ParameterDescriptionDefault
strategyForecasting strategy: - "last": Use last training value (seasonal if sp>1). - "mean": Use mean of last window (seasonal if sp>1). - "drift": Fit line through last window and extrapolate (non-robust to NaN).“last”
spSeasonal period. None or 1 means no seasonality; 12 means monthly.1

STLForecaster

ParameterDescriptionDefault
spSeasonal period (units).
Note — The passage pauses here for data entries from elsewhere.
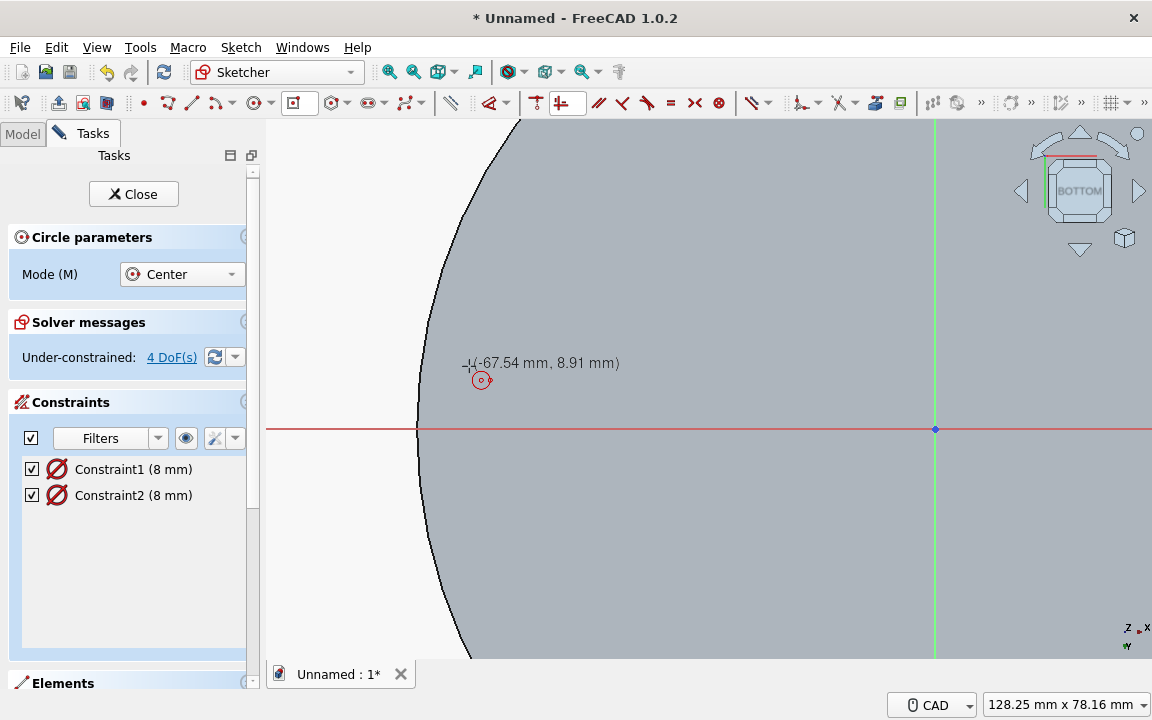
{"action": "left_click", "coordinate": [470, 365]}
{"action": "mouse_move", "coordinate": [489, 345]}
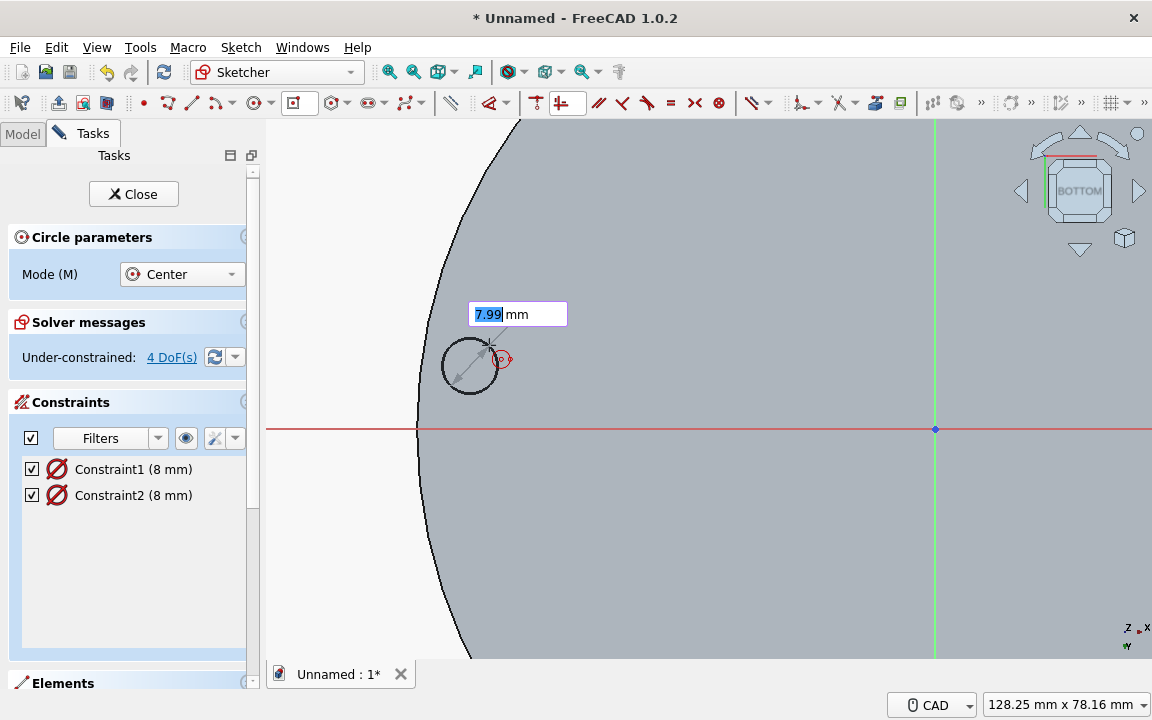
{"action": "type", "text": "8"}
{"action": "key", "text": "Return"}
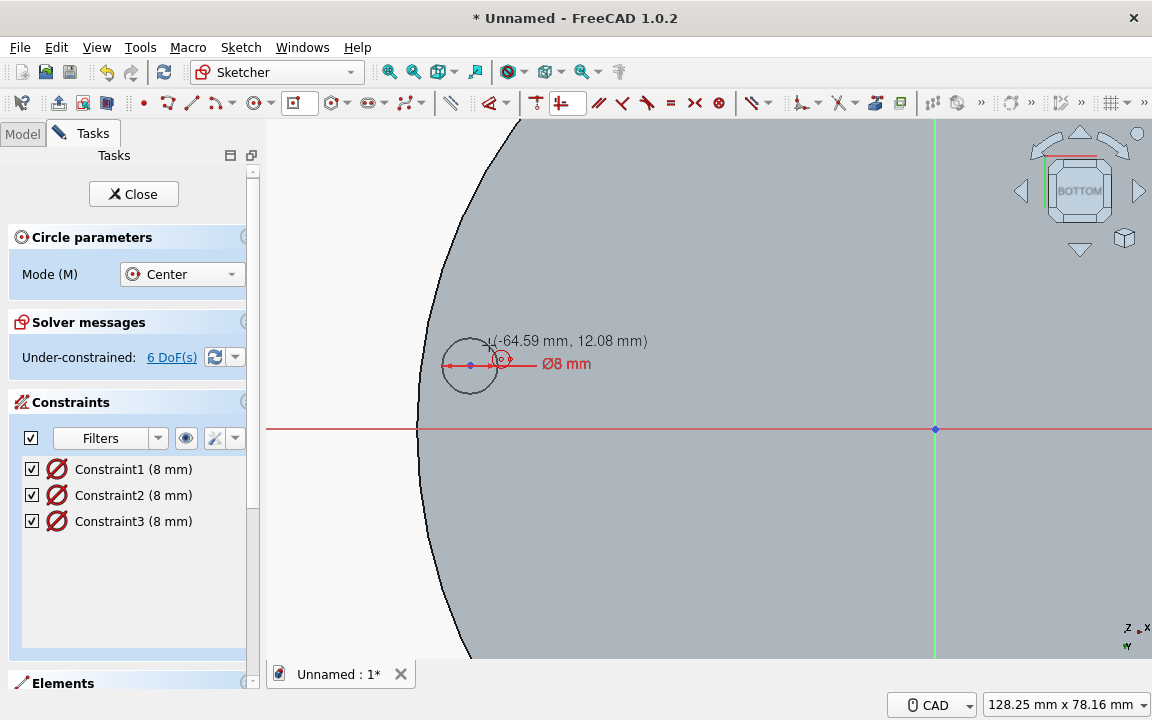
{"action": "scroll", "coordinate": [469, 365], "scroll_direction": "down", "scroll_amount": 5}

Passed to statsmodels' STL.2
seasonalSeasonal smoothing window (odd ≥3, typically ≥7).7
seasonal_degLOESS polynomial degree for season (0=constant, 1=linear).1
trend_degLOESS polynomial degree for trend (0 or 1).1
low_pass_degLOESS polynomial degree for low-pass (0 or 1).1
seasonal_jumpInterpolation step for season LOESS (larger = faster).1
trend_jumpInterpolation step for trend LOESS (larger = faster).1
low_pass_jumpInterpolation step for low-pass LOESS.1

ExponentialSmoothing (HoltWinters)

ParameterDescriptionDefault
damped_trendUse damped trend (trend flattens instead of growing infinitely).True
initialization_methodInitialization method: - "estimated": Fit to estimate initial states - "heuristic": Use heuristic for initial level/trend/season - "known": User-provided initial values - "legacy-heuristic": Legacy compatibility“estimated”
optimizedOptimize parameters via maximum likelihood.True
remove_biasRemove bias to make residuals' mean zero.False
use_bruteUse brute-force grid search for initial parameters.